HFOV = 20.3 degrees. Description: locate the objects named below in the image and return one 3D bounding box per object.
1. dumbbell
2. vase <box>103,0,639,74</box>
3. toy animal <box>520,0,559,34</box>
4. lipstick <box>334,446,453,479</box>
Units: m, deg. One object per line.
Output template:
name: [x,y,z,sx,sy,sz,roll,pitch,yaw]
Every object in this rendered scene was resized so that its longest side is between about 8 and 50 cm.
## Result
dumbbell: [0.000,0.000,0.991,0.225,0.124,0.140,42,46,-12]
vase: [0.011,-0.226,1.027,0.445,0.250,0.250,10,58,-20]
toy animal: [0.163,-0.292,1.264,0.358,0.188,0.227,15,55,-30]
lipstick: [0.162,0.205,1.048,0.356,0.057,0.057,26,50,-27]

__________

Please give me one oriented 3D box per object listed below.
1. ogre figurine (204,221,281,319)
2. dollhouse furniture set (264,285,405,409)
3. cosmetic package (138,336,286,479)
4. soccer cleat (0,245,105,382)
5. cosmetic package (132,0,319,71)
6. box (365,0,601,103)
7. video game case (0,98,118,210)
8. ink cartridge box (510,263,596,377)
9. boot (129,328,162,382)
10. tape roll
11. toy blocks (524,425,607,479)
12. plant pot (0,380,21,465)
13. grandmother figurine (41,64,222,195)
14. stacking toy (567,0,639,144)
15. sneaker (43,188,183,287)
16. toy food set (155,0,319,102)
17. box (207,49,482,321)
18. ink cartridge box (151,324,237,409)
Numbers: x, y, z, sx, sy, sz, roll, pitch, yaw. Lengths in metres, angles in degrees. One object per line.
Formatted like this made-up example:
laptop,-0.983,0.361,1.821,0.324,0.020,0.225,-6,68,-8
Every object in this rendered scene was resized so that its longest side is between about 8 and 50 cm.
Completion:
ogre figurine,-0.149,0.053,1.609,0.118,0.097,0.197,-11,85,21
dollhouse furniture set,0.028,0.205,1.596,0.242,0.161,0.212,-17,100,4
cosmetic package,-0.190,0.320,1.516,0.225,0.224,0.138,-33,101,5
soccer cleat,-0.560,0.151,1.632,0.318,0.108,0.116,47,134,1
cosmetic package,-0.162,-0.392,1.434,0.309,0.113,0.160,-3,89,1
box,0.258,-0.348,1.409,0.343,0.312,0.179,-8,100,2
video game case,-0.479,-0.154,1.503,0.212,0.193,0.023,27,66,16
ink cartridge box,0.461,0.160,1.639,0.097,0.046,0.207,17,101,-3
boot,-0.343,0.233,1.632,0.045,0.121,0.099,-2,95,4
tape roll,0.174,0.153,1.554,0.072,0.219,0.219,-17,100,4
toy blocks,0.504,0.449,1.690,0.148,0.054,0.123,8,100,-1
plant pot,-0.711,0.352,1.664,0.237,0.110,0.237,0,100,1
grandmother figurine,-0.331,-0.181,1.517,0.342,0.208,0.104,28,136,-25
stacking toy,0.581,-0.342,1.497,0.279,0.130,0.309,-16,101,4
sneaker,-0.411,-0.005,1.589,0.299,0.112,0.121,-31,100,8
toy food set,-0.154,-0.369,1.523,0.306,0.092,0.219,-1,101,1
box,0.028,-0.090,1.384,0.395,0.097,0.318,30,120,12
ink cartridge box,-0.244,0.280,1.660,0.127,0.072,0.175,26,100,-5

__________

What is being asked:
Look through the records and gather each line with the word "degrees".

Exercise response:
HFOV = 20.3 degrees. Description: locate the objects named below in the image and return one 3D bounding box per object.
Numbers: x, y, z, sx, sy, sz, roll, pitch, yaw. Lengths in metres, angles in degrees. One object per line.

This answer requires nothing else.